Late in 2016, OPEC members agreed to a six-month production cut. Now Saudi Arabia is proposing an extension to the deal.

Last year, OPEC signed a historic deal with other oil producers to cut production for six months for the first time in eight years.
The six-month period is almost up, but recent reports indicate that it could be extended. Earlier this week, Saudi Arabian oil minister Khalid al-Falih said he expects OPEC’s cuts to be continued to the end of the year or possibly longer. Iraq and Algeria have also signaled that they are in favor of a six-month extension, and the news has sparked hopes of a rise in oil prices.
“There’s an emerging consensus among participating countries on the need to extend the production agreement reached last year,” Saudi Arabia’s OPEC governor, Adeeb Al-Aama, told Reuters.

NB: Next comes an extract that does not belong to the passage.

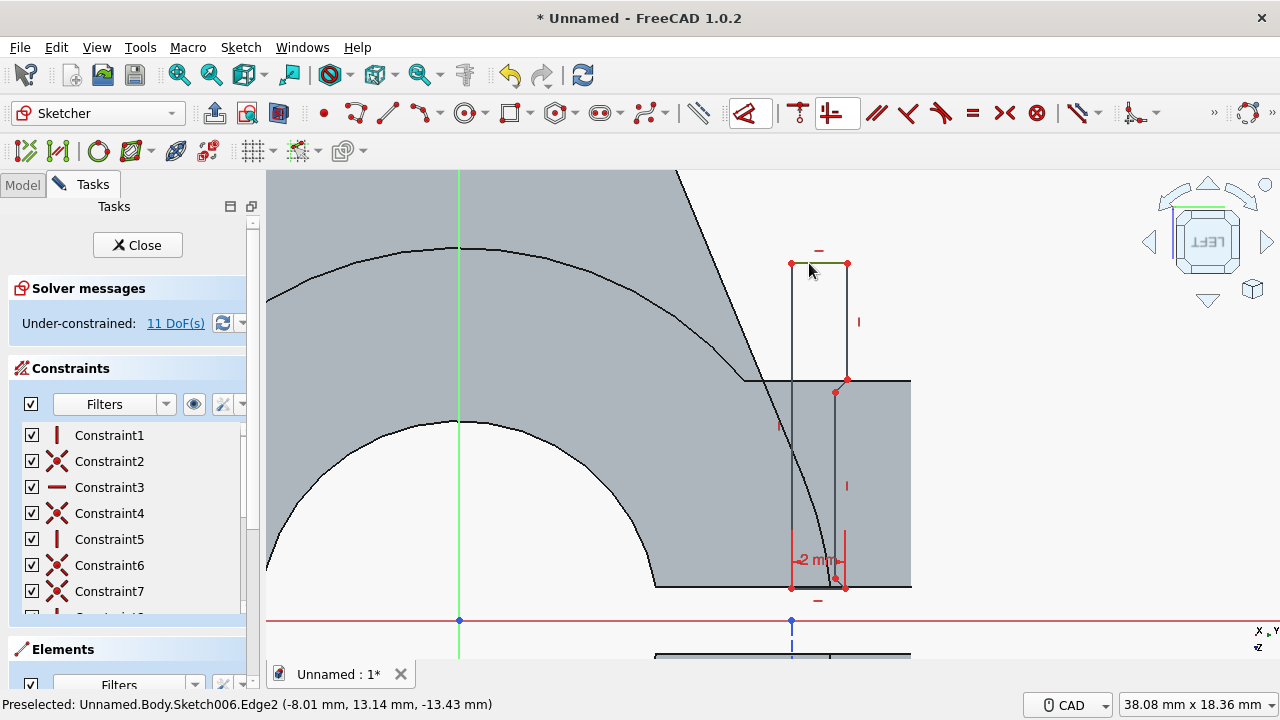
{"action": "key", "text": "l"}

Oil prices surged past $50 a barrel after the original agreement was made due to hope that the cuts would balance the oversupplied market; however, prices have pulled back since then. That’s partially because increasing production from the US has offset OPEC’s efforts.
“Higher oil production from the US, along with rising oil production from Canada and Brazil, is expected to curb upward pressure on global oil prices through the end of 2018,” Howard Gruenspecht, acting administrator at the US Energy Information Administration (EIA), said in a statement.
For that reason, some market watchers believe further cuts from OPEC would be misguided. “It is an underestimation of shale and a failure to see that the rapid growth in shale is simply displacing investment decisions that are higher up the cost-curve,” analysts at Citibank commented.
Even so, other experts are still cautiously optimistic about the market in 2017, and believe OPEC’s cuts will reduce the global supply glut as early as the end of this year.
“Our analysis of supply and demand shows that if OPEC continues at more or less the same rate of compliance — setting aside increases in Libya and Nigeria — the market does tighten up in the second half of the year,” said Ann-Louise Hittle, vice president of research at Wood Mackenzie.
Similarly, Anastasia Amoroso, global investment specialist at JPMorgan Chase (NYSE:JPM), commented that the oil market is very close to equilibrium, and noted that demand should outpace supply in the coming quarters.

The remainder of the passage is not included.